## EXTRACTED ENTRIES
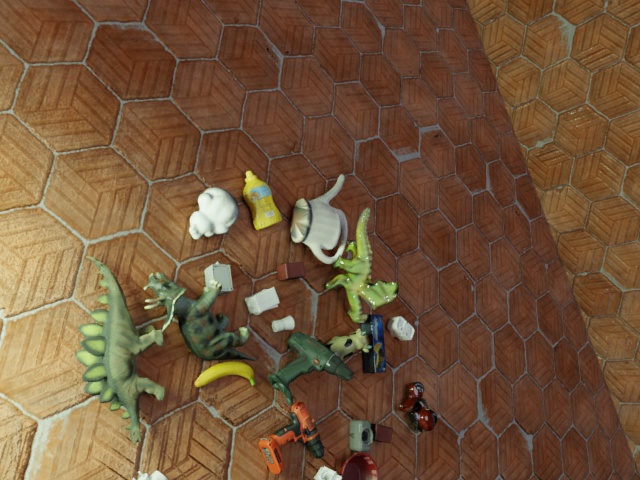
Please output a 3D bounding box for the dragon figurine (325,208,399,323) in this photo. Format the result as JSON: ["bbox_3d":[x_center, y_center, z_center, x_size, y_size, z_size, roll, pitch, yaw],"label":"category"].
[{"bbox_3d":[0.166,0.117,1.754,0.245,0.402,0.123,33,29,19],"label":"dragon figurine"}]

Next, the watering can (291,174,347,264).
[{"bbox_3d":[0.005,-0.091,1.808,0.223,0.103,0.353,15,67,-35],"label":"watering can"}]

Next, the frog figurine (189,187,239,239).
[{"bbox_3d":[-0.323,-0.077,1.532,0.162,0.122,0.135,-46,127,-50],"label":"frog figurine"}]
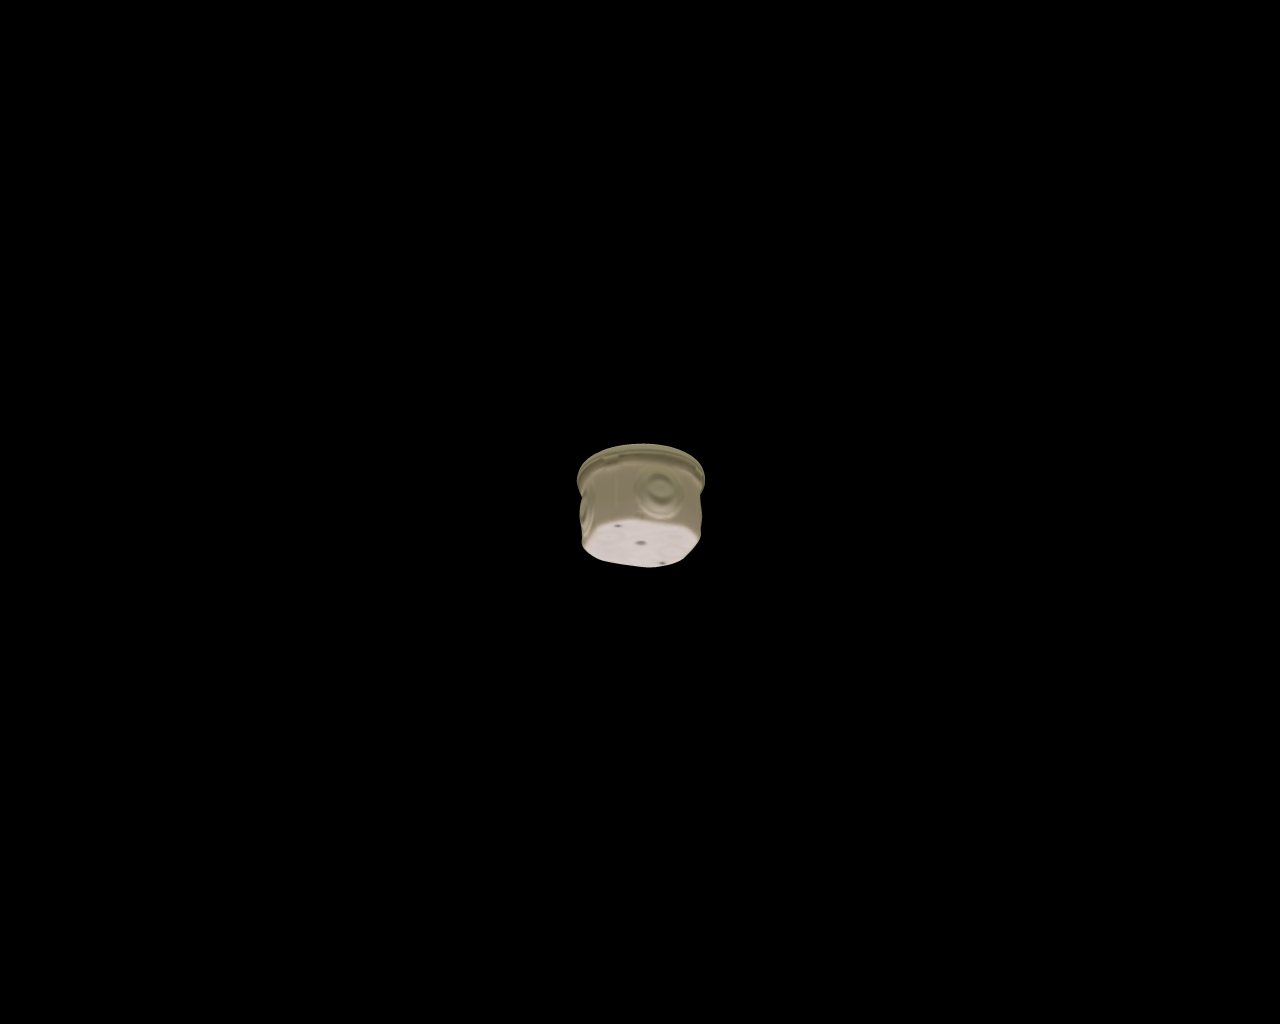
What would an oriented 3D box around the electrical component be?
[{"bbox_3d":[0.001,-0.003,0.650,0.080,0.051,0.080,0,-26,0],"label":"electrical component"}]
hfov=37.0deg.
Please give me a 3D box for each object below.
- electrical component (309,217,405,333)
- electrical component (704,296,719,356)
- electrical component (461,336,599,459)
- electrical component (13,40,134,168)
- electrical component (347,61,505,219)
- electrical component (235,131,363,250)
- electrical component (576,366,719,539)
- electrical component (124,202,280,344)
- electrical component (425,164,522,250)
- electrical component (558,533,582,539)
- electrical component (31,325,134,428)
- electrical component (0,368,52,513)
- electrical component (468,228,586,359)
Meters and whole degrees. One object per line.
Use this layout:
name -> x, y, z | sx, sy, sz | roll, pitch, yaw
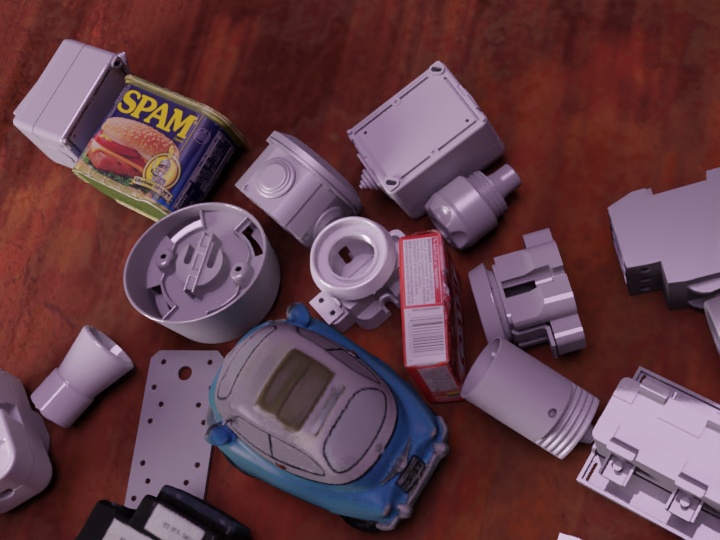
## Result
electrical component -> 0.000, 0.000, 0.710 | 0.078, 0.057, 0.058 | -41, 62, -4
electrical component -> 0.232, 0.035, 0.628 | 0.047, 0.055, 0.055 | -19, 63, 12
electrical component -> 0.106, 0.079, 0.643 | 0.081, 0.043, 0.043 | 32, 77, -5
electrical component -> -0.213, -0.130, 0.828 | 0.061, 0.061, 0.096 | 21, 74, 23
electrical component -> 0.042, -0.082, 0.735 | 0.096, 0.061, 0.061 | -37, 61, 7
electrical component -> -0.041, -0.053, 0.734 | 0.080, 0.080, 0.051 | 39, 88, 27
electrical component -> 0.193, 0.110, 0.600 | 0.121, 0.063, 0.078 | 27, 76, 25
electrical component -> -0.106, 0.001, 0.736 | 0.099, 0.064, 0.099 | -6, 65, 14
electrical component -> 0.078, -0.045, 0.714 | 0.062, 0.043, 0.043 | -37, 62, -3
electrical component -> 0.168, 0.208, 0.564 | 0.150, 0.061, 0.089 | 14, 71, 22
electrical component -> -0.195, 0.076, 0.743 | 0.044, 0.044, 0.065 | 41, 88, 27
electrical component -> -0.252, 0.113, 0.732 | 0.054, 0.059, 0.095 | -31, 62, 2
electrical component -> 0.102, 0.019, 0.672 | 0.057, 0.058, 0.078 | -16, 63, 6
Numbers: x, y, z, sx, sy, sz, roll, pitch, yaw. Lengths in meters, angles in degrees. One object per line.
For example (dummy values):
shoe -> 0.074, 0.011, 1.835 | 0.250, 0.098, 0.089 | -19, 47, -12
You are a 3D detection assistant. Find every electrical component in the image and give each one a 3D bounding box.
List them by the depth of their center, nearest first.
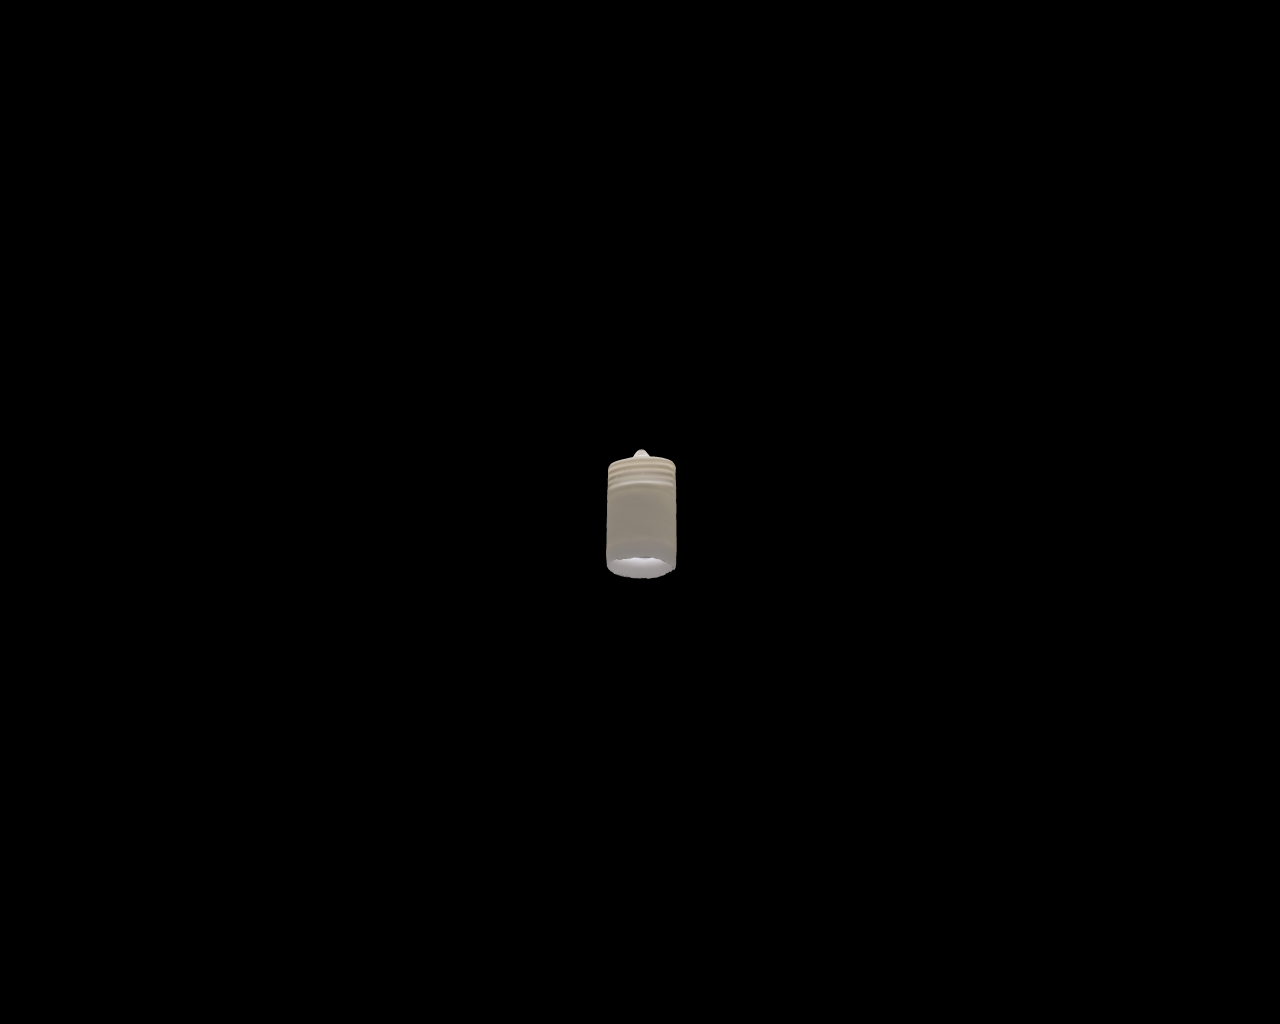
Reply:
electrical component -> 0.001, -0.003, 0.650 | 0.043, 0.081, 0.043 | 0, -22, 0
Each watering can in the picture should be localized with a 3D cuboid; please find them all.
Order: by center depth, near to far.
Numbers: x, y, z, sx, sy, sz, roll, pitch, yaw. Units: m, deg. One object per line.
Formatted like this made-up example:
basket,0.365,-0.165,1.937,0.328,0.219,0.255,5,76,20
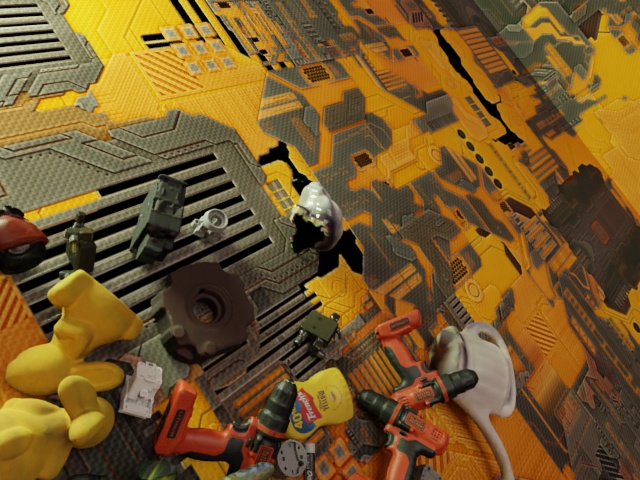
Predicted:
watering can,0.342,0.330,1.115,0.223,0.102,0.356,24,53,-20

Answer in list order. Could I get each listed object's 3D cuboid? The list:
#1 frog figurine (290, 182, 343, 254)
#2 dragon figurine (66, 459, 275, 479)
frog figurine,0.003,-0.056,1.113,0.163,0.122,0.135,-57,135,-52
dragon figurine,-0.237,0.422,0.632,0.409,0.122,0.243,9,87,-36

## ABOUT THIS TASK
When the line with "- electrical component (124,202,280,344)" is reached in the data above, start copying there, and copy each line exactly until the line with "name -> x, y, z" has been copied; copy nothing else.

## OUTPUT OF THE TASK
- electrical component (124,202,280,344)
- electrical component (425,164,522,250)
- electrical component (558,533,582,539)
- electrical component (31,325,134,428)
- electrical component (0,368,52,513)
- electrical component (468,228,586,359)
Meters and whole degrees. One object per line.
Use this layout:
name -> x, y, z | sx, sy, sz | roll, pitch, yaw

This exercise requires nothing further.